TASK GOAL.
Please return the data that follows precisely as written, but without the images.

DATA EXTRACTS.
--- START ---

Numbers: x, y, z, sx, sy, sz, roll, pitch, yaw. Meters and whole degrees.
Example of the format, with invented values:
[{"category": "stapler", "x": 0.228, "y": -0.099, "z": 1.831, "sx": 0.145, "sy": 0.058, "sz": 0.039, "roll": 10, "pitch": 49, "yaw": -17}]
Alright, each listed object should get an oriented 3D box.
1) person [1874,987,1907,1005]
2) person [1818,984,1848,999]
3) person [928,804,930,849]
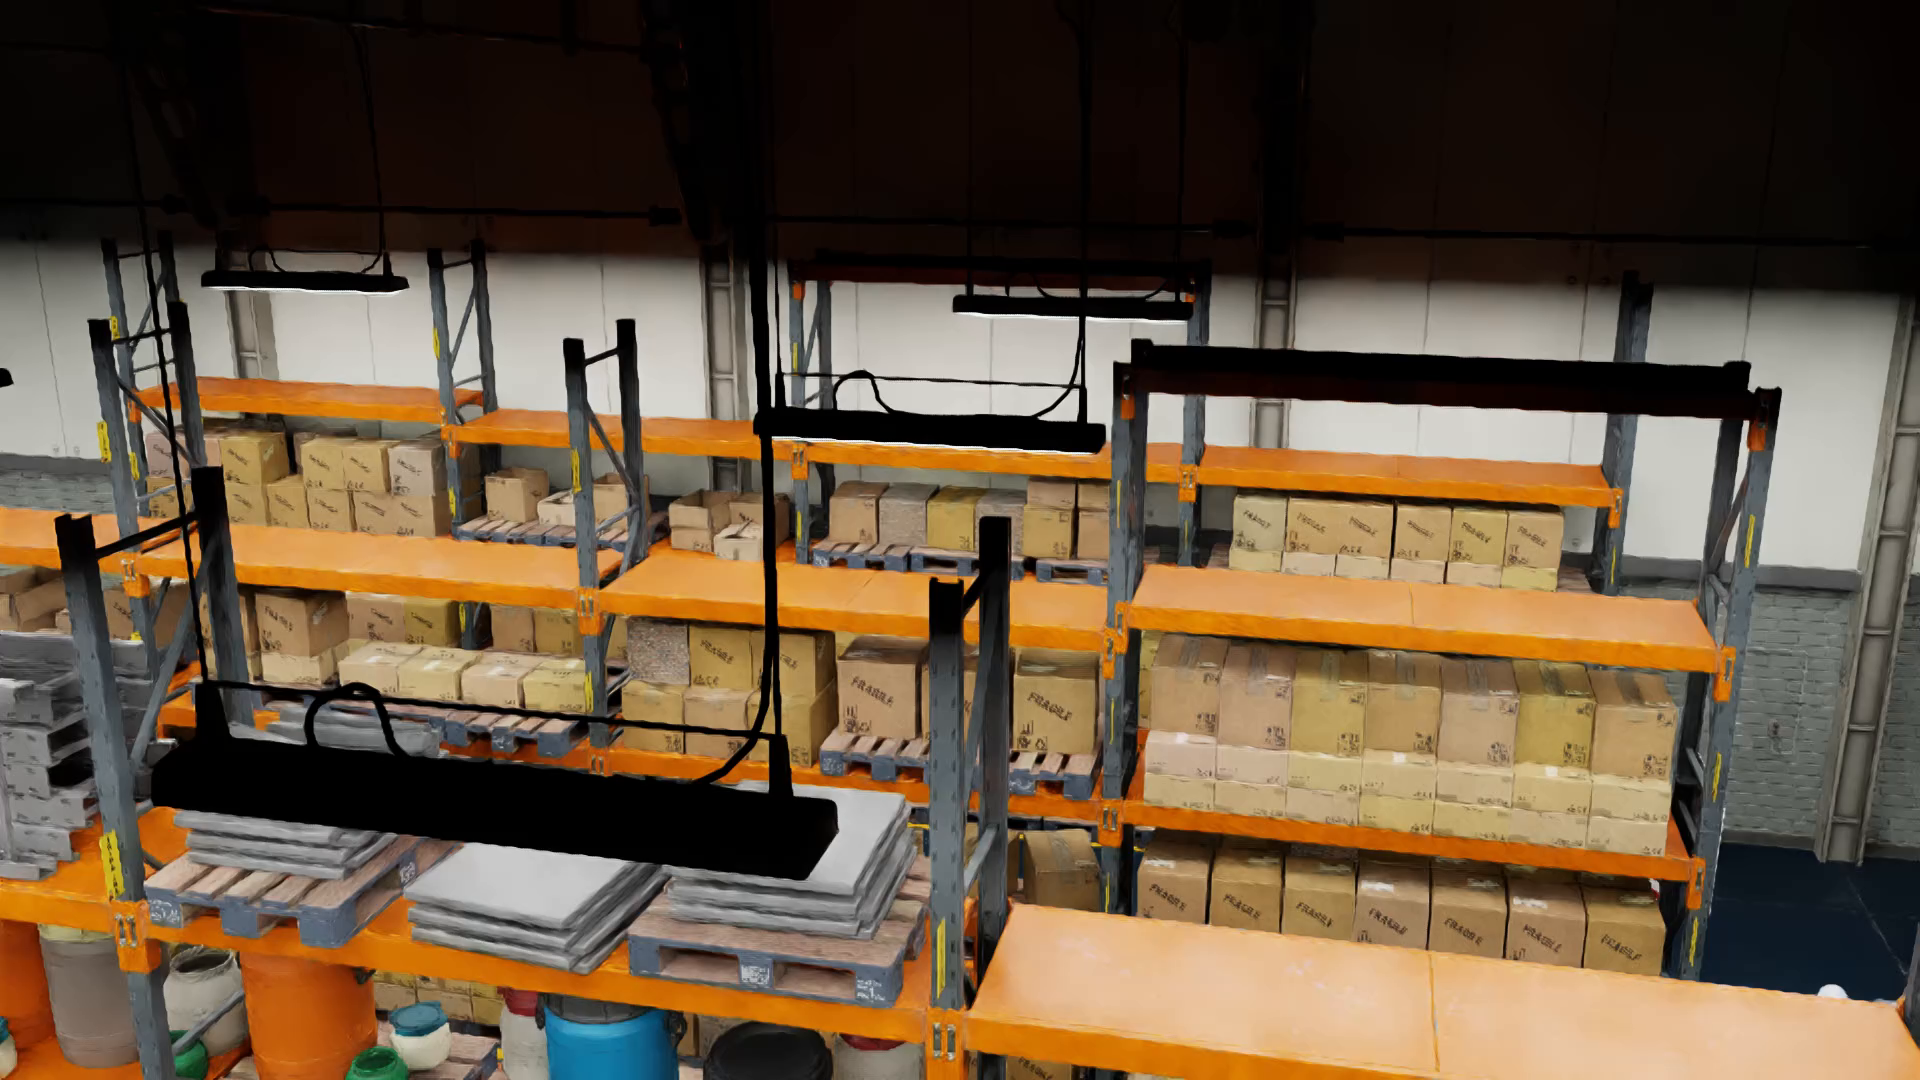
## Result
[{"category": "person", "x": 8.381, "y": 3.341, "z": 13.958, "sx": 1.031, "sy": 1.669, "sz": 0.554, "roll": 4, "pitch": 17, "yaw": 12}, {"category": "person", "x": 6.052, "y": 3.937, "z": 11.693, "sx": 0.598, "sy": 1.780, "sz": 0.616, "roll": -14, "pitch": 21, "yaw": -39}, {"category": "person", "x": -0.075, "y": 2.838, "z": 15.948, "sx": 0.519, "sy": 1.541, "sz": 0.566, "roll": 3, "pitch": 17, "yaw": 10}]

--- END ---

WRITTEN REPLY.
Numbers: x, y, z, sx, sy, sz, roll, pitch, yaw. Meters and whole degrees.
Example of the format, with invented values:
[{"category": "stapler", "x": 0.228, "y": -0.099, "z": 1.831, "sx": 0.145, "sy": 0.058, "sz": 0.039, "roll": 10, "pitch": 49, "yaw": -17}]
Alright, each listed object should get an oriented 3D box.
1) person [1874,987,1907,1005]
2) person [1818,984,1848,999]
3) person [928,804,930,849]
## Result
[{"category": "person", "x": 8.381, "y": 3.341, "z": 13.958, "sx": 1.031, "sy": 1.669, "sz": 0.554, "roll": 4, "pitch": 17, "yaw": 12}, {"category": "person", "x": 6.052, "y": 3.937, "z": 11.693, "sx": 0.598, "sy": 1.780, "sz": 0.616, "roll": -14, "pitch": 21, "yaw": -39}, {"category": "person", "x": -0.075, "y": 2.838, "z": 15.948, "sx": 0.519, "sy": 1.541, "sz": 0.566, "roll": 3, "pitch": 17, "yaw": 10}]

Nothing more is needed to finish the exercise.